Pączki wyższe od Tatr

IAR/k

publikacja 15.02.2007 11:30

Tłusty Czwartek, rozpoczyna ostatni tydzień karnawału. Okres ten nazywany jest też "mięsopustem" lub "zapustami".

Ostatni czwartek karnawału został nazwany "tłustym" od ... tłustych biesiad. Zarówno lud wiejski, jak i szlachta w ten sposób chcieli wynagrodzić sobie, czekający ich sześciotygodniowy post, zakazujący hucznych zabaw i posiłków mięsnych.

Do dziś nie wiadomo jednak, skąd wzięły się pączki, zjadane w Tłusty Czwartek.

Historia nasłynniejszych z nich, pączków wiedeńskich, sięga 1683 roku, kiedy Turcy oblegali miasto. Wszyscy piekarze walczyli na wałach, a żony zastępowały ich przy piecach i dzieżach.

Małżonka piekarza Krapfa wpadła na pomysł, by bardziej zgłodniałym obrońcom usmażyć kule z drożdżowego ciasta. Te pierwsze pączki, pozbawione cukru i nadzienia, nazwano "Krapfen", i tak już zostało.
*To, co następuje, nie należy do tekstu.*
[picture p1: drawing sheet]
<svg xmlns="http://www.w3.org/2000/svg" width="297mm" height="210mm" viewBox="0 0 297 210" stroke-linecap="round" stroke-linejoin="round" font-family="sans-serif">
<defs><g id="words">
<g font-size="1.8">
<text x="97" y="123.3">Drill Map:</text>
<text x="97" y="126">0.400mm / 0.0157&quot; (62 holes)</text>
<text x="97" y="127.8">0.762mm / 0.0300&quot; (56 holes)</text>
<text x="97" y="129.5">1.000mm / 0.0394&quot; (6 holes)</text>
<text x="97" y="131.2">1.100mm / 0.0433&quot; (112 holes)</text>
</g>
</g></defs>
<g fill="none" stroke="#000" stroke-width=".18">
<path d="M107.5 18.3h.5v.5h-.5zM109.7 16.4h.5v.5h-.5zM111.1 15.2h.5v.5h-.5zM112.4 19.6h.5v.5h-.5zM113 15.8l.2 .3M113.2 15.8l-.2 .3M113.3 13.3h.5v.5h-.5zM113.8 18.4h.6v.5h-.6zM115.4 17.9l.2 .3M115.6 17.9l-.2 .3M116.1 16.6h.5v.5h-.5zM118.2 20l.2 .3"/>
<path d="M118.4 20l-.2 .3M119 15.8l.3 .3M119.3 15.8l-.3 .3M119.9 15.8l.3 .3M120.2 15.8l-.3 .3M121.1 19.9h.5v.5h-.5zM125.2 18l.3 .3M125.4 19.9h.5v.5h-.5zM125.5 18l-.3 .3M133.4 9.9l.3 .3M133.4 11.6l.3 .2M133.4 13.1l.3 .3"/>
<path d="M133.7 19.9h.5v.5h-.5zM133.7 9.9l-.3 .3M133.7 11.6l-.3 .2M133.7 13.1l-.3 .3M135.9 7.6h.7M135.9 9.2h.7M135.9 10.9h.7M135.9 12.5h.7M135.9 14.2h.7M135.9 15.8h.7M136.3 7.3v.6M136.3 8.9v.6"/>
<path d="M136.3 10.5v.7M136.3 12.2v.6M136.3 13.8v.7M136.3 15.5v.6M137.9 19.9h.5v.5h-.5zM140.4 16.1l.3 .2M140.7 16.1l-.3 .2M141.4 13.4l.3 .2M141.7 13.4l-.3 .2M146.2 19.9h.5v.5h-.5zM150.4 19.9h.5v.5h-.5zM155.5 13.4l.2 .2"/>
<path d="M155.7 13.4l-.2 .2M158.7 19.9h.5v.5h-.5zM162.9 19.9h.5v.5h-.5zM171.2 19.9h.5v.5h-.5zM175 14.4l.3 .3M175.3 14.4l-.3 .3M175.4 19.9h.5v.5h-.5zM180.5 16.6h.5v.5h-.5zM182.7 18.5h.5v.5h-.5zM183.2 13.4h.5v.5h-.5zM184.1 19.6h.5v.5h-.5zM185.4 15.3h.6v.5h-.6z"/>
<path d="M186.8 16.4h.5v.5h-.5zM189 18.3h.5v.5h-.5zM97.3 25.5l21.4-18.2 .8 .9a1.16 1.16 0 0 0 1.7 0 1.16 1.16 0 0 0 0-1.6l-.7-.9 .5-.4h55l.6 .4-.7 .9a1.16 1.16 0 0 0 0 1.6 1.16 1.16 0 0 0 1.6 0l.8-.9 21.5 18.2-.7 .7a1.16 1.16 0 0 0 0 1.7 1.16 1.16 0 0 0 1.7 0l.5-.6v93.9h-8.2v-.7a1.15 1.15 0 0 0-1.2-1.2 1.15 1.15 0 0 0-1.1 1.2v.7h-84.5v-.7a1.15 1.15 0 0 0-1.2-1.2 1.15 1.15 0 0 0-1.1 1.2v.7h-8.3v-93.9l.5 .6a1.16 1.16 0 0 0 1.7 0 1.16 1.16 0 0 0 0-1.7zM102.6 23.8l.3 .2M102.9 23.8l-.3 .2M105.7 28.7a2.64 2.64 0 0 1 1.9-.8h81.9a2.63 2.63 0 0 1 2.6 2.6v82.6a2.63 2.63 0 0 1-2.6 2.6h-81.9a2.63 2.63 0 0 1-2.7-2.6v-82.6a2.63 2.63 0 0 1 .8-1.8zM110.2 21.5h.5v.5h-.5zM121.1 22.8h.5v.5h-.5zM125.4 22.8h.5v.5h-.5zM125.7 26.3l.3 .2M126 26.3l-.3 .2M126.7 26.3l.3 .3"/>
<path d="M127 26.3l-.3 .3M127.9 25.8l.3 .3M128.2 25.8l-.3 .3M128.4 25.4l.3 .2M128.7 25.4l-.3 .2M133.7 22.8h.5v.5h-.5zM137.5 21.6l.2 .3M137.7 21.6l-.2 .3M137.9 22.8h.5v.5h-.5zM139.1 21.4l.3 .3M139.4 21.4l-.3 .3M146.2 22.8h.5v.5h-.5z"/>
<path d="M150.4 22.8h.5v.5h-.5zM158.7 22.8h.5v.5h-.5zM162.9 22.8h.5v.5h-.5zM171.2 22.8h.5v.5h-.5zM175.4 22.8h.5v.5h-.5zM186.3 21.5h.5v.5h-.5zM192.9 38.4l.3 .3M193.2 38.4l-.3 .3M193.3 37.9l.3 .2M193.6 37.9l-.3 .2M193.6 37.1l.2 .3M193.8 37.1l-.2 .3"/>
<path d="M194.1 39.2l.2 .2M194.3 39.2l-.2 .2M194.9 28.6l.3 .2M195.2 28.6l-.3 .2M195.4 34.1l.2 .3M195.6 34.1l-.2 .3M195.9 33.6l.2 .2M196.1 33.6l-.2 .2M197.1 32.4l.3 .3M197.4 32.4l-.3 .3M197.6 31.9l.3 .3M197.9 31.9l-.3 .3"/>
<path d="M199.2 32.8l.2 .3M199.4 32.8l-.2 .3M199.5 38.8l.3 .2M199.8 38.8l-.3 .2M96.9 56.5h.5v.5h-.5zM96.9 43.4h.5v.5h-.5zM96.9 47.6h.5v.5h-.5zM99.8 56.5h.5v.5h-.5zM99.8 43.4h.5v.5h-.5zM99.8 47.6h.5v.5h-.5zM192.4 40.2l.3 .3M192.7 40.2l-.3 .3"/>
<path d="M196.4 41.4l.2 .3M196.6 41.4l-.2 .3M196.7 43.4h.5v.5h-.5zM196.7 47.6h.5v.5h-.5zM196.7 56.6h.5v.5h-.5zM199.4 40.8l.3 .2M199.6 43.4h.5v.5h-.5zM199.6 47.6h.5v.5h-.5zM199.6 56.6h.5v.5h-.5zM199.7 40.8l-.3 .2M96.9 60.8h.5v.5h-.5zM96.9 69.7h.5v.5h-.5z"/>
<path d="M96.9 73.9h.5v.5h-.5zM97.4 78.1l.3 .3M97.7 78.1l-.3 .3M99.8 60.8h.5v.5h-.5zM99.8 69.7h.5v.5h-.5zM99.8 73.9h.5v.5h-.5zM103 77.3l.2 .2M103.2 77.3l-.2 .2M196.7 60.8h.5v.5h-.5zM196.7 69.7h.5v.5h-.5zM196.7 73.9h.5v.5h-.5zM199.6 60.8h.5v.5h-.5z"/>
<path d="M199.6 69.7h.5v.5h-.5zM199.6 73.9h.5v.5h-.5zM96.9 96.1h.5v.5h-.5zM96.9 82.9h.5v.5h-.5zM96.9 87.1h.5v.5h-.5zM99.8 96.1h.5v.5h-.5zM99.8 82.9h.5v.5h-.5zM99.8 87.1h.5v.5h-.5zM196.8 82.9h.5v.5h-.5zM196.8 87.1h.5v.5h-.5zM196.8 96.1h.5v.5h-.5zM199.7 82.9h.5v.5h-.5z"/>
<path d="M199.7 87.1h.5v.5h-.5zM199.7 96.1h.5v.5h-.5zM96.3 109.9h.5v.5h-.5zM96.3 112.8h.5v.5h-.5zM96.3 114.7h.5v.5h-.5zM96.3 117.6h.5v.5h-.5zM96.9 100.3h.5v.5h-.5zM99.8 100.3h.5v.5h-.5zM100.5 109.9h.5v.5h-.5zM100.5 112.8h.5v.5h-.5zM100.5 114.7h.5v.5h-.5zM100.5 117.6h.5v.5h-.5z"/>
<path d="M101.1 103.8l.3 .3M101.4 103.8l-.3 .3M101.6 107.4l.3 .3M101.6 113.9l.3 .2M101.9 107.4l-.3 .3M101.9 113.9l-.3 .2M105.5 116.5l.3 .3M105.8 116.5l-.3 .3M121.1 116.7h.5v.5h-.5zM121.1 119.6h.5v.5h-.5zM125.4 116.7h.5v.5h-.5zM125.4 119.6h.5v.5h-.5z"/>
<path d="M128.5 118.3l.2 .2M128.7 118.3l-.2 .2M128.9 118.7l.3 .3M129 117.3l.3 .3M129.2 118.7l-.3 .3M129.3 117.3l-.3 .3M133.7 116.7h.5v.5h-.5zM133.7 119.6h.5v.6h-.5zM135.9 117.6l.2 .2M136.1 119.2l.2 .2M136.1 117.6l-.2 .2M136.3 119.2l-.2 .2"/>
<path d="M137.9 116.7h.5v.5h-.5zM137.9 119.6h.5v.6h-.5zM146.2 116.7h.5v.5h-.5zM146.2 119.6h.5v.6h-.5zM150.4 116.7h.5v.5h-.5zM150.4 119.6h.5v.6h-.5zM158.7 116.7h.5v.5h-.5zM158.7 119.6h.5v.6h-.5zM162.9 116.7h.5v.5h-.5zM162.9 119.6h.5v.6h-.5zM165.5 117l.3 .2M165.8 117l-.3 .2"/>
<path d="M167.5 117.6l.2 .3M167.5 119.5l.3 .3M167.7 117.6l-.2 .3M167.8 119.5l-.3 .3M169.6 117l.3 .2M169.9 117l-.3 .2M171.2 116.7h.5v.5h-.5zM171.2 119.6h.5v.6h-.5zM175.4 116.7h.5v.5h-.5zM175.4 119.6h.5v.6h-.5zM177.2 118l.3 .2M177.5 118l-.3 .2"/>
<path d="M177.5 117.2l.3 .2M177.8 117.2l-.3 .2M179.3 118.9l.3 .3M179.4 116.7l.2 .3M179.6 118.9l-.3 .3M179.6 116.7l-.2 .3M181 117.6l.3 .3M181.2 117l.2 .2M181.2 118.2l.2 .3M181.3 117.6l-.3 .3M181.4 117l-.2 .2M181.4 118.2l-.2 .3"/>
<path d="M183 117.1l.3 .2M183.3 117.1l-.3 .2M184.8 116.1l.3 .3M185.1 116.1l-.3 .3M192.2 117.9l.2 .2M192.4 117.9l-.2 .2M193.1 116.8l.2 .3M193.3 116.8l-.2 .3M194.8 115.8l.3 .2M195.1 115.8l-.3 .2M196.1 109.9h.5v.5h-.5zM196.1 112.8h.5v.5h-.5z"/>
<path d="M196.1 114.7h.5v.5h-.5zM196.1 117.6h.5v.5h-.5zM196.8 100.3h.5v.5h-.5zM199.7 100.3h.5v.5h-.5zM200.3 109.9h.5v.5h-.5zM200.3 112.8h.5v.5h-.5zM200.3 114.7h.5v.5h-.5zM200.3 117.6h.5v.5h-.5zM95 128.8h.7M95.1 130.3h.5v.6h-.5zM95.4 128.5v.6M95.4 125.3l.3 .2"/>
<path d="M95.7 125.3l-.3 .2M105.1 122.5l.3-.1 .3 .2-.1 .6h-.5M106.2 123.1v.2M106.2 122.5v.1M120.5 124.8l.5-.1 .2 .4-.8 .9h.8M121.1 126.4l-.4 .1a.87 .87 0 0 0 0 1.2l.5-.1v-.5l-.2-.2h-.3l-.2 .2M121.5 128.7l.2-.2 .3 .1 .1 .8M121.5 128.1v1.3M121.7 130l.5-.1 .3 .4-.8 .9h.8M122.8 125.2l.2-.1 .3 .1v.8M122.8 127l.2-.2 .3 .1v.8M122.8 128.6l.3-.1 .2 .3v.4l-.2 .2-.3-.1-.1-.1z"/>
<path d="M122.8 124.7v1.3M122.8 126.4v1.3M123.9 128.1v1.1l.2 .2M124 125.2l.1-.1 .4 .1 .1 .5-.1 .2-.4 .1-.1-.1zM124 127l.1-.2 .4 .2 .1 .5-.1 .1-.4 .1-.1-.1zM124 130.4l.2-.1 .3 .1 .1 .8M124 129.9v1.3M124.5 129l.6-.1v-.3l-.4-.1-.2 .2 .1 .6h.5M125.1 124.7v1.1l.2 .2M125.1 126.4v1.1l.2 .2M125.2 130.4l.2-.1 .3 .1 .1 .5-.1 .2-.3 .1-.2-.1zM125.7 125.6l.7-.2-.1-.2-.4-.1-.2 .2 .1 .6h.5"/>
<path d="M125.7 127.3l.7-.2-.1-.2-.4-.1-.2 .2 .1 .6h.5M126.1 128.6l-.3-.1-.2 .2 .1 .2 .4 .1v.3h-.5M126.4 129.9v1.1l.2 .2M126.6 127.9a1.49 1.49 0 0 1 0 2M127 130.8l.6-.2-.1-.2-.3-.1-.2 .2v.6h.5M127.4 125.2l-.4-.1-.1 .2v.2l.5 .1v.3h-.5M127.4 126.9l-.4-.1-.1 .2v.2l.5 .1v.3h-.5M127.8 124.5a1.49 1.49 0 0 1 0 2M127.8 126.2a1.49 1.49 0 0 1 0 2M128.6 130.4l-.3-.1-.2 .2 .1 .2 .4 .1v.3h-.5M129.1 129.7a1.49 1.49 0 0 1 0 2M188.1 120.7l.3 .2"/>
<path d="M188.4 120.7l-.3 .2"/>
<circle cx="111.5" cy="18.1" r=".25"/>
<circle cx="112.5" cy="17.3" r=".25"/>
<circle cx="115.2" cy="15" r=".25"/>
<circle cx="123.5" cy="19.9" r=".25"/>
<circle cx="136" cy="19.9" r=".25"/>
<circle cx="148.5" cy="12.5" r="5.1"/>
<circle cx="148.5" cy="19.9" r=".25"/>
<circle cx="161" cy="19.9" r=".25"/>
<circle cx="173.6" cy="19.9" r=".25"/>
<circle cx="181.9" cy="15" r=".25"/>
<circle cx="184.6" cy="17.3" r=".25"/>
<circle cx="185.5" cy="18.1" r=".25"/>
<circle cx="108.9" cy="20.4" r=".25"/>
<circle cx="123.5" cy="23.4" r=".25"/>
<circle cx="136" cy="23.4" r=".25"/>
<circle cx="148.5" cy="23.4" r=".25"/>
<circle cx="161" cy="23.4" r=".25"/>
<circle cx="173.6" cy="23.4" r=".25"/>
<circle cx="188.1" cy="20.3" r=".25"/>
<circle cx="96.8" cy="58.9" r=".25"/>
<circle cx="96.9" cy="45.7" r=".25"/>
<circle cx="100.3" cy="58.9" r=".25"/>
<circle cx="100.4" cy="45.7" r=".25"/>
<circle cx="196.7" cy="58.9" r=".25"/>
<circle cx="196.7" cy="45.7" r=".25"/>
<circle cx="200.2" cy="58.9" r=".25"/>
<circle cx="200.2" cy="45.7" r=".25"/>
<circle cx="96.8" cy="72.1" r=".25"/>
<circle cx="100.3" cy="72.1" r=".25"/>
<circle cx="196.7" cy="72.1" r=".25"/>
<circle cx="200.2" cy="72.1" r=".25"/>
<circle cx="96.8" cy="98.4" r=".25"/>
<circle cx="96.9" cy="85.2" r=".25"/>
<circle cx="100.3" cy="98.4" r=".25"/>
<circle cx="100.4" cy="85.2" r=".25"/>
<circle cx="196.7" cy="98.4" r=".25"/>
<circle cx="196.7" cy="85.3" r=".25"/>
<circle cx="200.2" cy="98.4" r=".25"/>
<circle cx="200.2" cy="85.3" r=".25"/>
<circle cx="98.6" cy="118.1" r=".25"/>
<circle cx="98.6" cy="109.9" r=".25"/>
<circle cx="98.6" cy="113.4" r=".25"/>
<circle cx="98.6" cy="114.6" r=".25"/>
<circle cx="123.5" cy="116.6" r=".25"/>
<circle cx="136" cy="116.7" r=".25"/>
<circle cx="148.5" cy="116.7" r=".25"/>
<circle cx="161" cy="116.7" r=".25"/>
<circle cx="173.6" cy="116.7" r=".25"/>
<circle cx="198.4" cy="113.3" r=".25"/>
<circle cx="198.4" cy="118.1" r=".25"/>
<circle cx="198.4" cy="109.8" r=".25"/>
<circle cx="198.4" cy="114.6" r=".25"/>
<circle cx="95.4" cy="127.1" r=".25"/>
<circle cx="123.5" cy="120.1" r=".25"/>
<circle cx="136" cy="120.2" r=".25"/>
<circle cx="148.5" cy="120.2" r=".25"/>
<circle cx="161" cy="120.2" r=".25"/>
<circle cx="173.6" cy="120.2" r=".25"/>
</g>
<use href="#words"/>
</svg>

Jak silna jest w Polsce tradycja jedzenia pączków, świadczy dziennikarski zapis liczący ponad sto lat. W 1900 roku felietonista "Czasu" pisał, że gdyby "zsypać w jedno miejsce pączki usmażone w Tłusty Czwartek we lwowskich cukierniach i kuchniach, powstałby stos wyższy, niz tatrzańskie szczyty".